=== Section Start ===

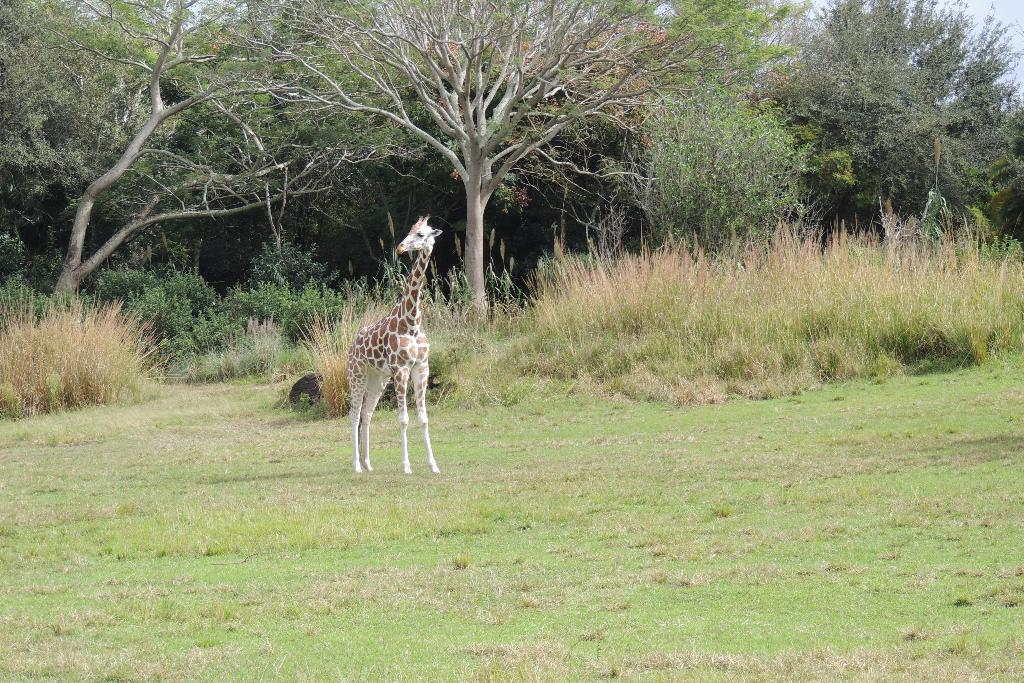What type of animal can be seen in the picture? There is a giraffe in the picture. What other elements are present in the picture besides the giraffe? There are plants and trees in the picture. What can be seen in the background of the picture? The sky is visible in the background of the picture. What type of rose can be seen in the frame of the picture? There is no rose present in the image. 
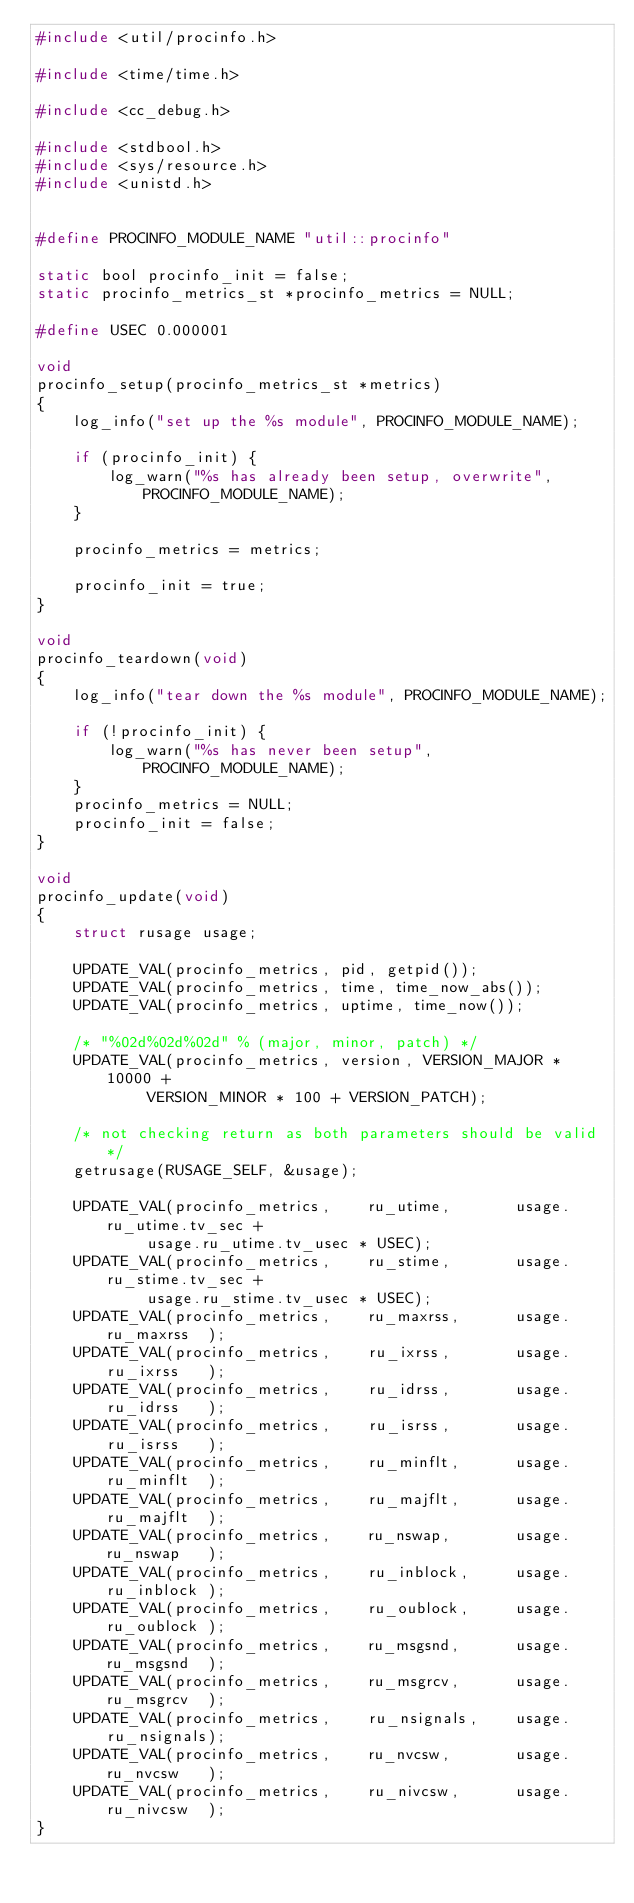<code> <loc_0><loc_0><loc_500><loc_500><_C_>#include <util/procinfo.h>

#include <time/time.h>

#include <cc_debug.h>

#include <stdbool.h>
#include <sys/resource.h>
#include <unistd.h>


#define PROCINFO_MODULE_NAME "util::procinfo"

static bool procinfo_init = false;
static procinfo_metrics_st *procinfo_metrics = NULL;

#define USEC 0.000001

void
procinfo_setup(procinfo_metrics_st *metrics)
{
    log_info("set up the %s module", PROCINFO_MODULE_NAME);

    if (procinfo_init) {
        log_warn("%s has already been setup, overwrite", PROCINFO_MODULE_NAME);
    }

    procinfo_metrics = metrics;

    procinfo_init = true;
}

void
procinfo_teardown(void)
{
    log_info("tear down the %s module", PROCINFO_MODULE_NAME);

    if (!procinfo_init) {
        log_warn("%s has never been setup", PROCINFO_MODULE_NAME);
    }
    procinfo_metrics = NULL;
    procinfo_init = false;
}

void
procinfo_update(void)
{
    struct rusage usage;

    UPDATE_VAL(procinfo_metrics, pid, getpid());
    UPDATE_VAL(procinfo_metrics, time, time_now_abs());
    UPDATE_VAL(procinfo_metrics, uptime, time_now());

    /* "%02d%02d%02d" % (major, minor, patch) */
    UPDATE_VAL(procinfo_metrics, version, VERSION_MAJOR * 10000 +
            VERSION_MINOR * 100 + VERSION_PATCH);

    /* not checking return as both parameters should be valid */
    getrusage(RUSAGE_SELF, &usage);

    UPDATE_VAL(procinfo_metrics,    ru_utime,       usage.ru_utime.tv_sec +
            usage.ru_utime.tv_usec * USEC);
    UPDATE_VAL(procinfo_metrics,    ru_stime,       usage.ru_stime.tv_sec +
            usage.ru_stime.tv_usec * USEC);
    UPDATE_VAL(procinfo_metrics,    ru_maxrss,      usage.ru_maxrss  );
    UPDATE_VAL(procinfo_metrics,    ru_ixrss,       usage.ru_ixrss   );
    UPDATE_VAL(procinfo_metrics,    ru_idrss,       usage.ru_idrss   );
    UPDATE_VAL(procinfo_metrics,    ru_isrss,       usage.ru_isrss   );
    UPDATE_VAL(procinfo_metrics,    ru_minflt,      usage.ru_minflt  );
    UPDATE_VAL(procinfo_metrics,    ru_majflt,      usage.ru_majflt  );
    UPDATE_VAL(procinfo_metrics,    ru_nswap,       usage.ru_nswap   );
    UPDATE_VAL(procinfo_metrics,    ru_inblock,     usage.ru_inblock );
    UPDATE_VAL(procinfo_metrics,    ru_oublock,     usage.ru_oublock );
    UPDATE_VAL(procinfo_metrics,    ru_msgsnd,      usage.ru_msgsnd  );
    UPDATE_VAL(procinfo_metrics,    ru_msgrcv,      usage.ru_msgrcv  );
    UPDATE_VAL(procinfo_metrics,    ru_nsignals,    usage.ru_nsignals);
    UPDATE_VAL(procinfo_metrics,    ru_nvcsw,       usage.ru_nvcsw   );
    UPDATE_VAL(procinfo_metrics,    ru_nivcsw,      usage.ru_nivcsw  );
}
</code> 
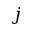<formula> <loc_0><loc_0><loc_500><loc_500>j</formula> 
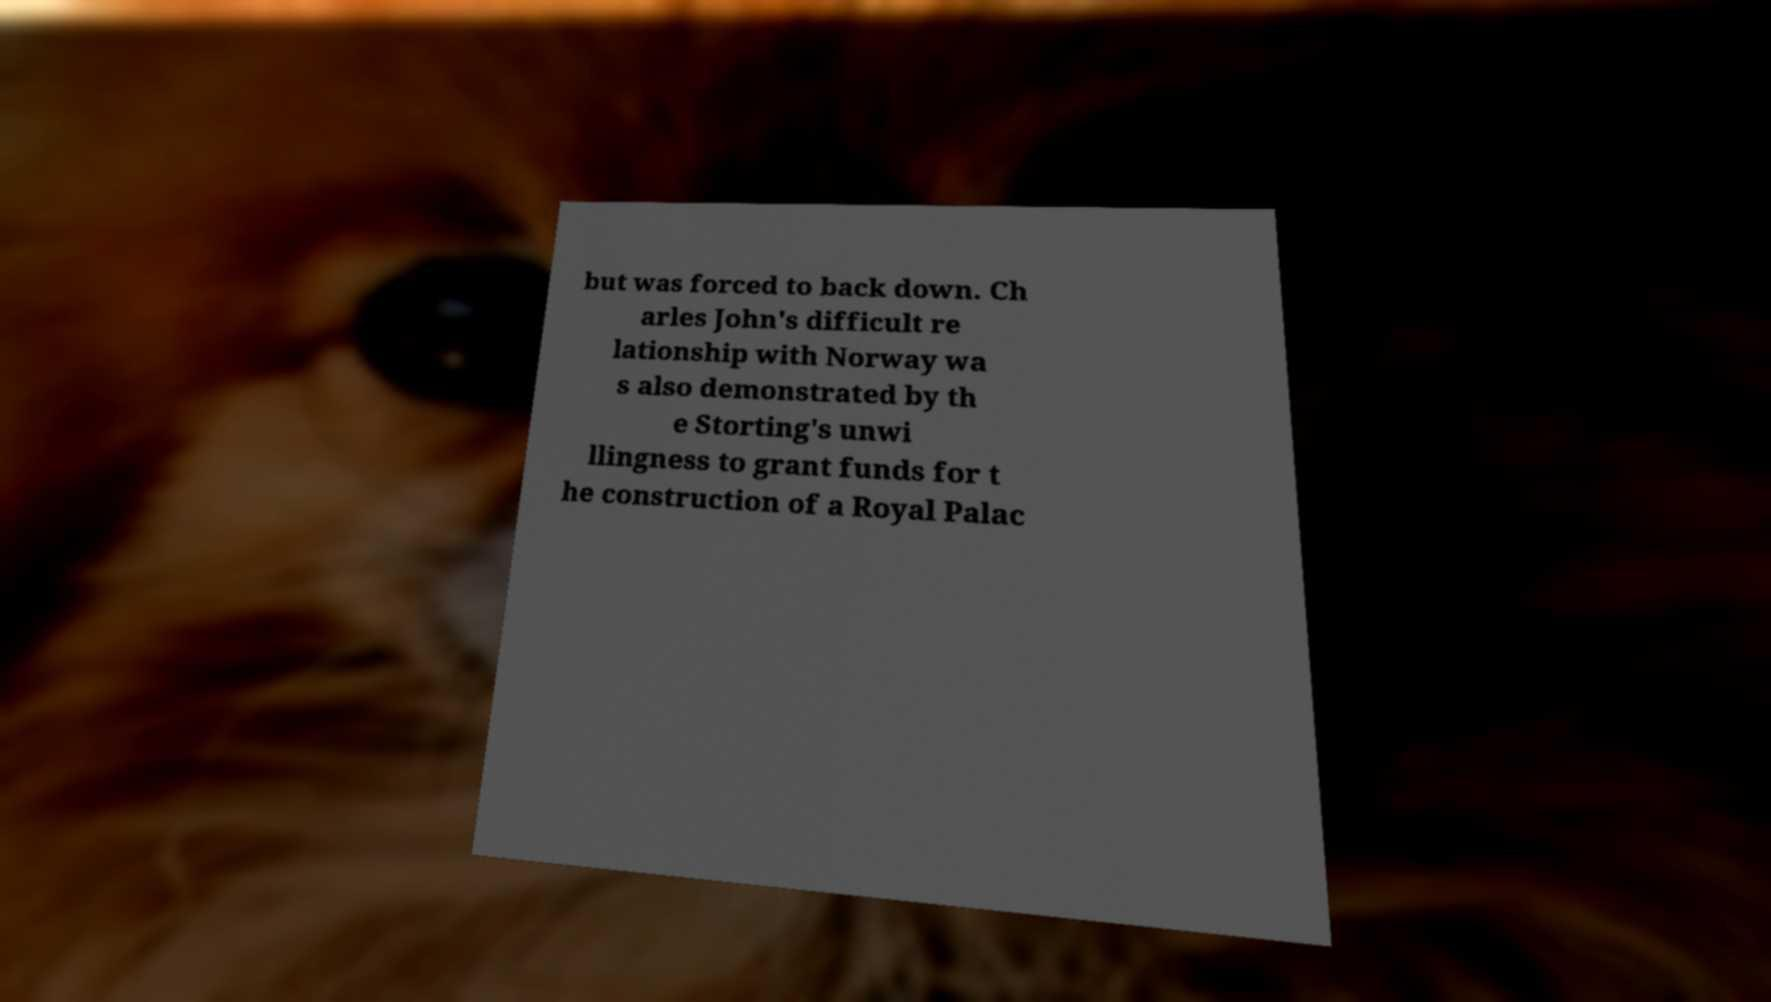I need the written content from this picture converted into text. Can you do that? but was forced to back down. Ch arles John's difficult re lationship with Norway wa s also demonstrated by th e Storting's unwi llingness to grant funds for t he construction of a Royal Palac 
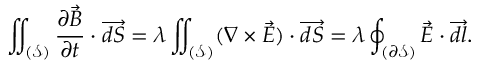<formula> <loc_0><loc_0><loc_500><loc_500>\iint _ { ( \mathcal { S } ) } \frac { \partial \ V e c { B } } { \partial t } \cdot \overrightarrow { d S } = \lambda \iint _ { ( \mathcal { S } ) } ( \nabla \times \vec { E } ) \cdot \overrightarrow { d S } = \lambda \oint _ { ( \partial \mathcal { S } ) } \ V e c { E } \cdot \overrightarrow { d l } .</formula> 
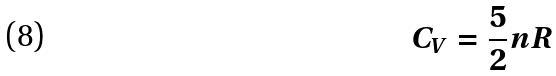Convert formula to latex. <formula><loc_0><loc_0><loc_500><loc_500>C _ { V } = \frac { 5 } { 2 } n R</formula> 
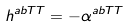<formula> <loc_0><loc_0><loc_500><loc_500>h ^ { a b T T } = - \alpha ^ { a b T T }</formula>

=== Section End ===

YOUR ASSIGNMENT: The records above should be returned exactly, with only their pictures held back.

REPLY:
What type of animal can be seen in the picture? There is a giraffe in the picture. What other elements are present in the picture besides the giraffe? There are plants and trees in the picture. What can be seen in the background of the picture? The sky is visible in the background of the picture. What type of rose can be seen in the frame of the picture? There is no rose present in the image. 
<code> <loc_0><loc_0><loc_500><loc_500><_C_>#include <util/procinfo.h>

#include <time/time.h>

#include <cc_debug.h>

#include <stdbool.h>
#include <sys/resource.h>
#include <unistd.h>


#define PROCINFO_MODULE_NAME "util::procinfo"

static bool procinfo_init = false;
static procinfo_metrics_st *procinfo_metrics = NULL;

#define USEC 0.000001

void
procinfo_setup(procinfo_metrics_st *metrics)
{
    log_info("set up the %s module", PROCINFO_MODULE_NAME);

    if (procinfo_init) {
        log_warn("%s has already been setup, overwrite", PROCINFO_MODULE_NAME);
    }

    procinfo_metrics = metrics;

    procinfo_init = true;
}

void
procinfo_teardown(void)
{
    log_info("tear down the %s module", PROCINFO_MODULE_NAME);

    if (!procinfo_init) {
        log_warn("%s has never been setup", PROCINFO_MODULE_NAME);
    }
    procinfo_metrics = NULL;
    procinfo_init = false;
}

void
procinfo_update(void)
{
    struct rusage usage;

    UPDATE_VAL(procinfo_metrics, pid, getpid());
    UPDATE_VAL(procinfo_metrics, time, time_now_abs());
    UPDATE_VAL(procinfo_metrics, uptime, time_now());

    /* "%02d%02d%02d" % (major, minor, patch) */
    UPDATE_VAL(procinfo_metrics, version, VERSION_MAJOR * 10000 +
            VERSION_MINOR * 100 + VERSION_PATCH);

    /* not checking return as both parameters should be valid */
    getrusage(RUSAGE_SELF, &usage);

    UPDATE_VAL(procinfo_metrics,    ru_utime,       usage.ru_utime.tv_sec +
            usage.ru_utime.tv_usec * USEC);
    UPDATE_VAL(procinfo_metrics,    ru_stime,       usage.ru_stime.tv_sec +
            usage.ru_stime.tv_usec * USEC);
    UPDATE_VAL(procinfo_metrics,    ru_maxrss,      usage.ru_maxrss  );
    UPDATE_VAL(procinfo_metrics,    ru_ixrss,       usage.ru_ixrss   );
    UPDATE_VAL(procinfo_metrics,    ru_idrss,       usage.ru_idrss   );
    UPDATE_VAL(procinfo_metrics,    ru_isrss,       usage.ru_isrss   );
    UPDATE_VAL(procinfo_metrics,    ru_minflt,      usage.ru_minflt  );
    UPDATE_VAL(procinfo_metrics,    ru_majflt,      usage.ru_majflt  );
    UPDATE_VAL(procinfo_metrics,    ru_nswap,       usage.ru_nswap   );
    UPDATE_VAL(procinfo_metrics,    ru_inblock,     usage.ru_inblock );
    UPDATE_VAL(procinfo_metrics,    ru_oublock,     usage.ru_oublock );
    UPDATE_VAL(procinfo_metrics,    ru_msgsnd,      usage.ru_msgsnd  );
    UPDATE_VAL(procinfo_metrics,    ru_msgrcv,      usage.ru_msgrcv  );
    UPDATE_VAL(procinfo_metrics,    ru_nsignals,    usage.ru_nsignals);
    UPDATE_VAL(procinfo_metrics,    ru_nvcsw,       usage.ru_nvcsw   );
    UPDATE_VAL(procinfo_metrics,    ru_nivcsw,      usage.ru_nivcsw  );
}
</code> 
<formula> <loc_0><loc_0><loc_500><loc_500>j</formula> 
I need the written content from this picture converted into text. Can you do that? but was forced to back down. Ch arles John's difficult re lationship with Norway wa s also demonstrated by th e Storting's unwi llingness to grant funds for t he construction of a Royal Palac 
<formula> <loc_0><loc_0><loc_500><loc_500>\iint _ { ( \mathcal { S } ) } \frac { \partial \ V e c { B } } { \partial t } \cdot \overrightarrow { d S } = \lambda \iint _ { ( \mathcal { S } ) } ( \nabla \times \vec { E } ) \cdot \overrightarrow { d S } = \lambda \oint _ { ( \partial \mathcal { S } ) } \ V e c { E } \cdot \overrightarrow { d l } .</formula> 
Convert formula to latex. <formula><loc_0><loc_0><loc_500><loc_500>C _ { V } = \frac { 5 } { 2 } n R</formula> 
<formula> <loc_0><loc_0><loc_500><loc_500>h ^ { a b T T } = - \alpha ^ { a b T T }</formula>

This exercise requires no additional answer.